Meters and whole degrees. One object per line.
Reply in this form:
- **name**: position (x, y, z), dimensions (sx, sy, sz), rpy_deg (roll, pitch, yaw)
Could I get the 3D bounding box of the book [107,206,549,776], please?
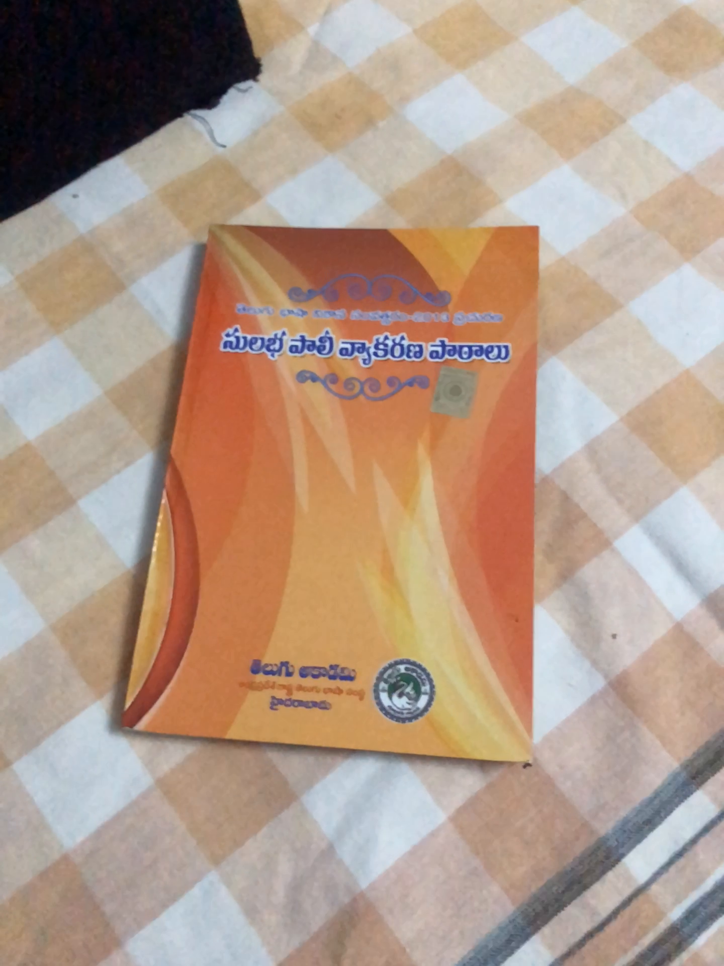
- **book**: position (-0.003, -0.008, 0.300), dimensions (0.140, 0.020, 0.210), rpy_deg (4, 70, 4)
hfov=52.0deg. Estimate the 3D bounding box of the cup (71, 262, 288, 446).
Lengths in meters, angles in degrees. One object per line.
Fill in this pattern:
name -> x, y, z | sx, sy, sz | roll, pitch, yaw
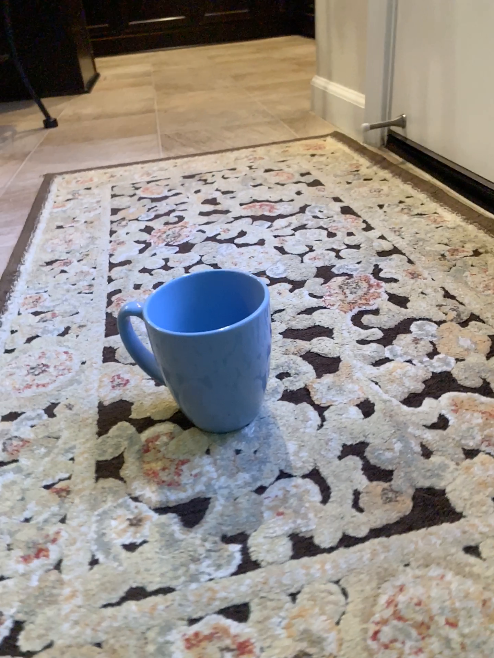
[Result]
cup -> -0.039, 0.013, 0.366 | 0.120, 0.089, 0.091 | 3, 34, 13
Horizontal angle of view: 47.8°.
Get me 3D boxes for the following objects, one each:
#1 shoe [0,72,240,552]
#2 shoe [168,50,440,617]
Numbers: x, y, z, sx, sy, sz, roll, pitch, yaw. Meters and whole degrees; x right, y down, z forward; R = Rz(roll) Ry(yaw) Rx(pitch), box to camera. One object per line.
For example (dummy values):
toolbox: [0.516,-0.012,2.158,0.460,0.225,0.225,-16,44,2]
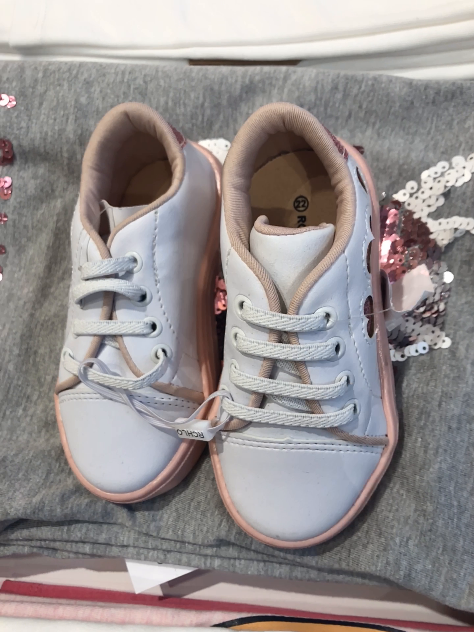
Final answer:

==

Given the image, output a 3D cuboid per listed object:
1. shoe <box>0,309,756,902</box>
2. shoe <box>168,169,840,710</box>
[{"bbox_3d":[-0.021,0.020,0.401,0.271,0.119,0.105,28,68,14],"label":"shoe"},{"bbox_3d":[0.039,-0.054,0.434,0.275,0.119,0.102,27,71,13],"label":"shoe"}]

What to produce:
Return, in full, every line of these entries that holds "this".

Answer area:
Reply in this form:
Fill in this pattern:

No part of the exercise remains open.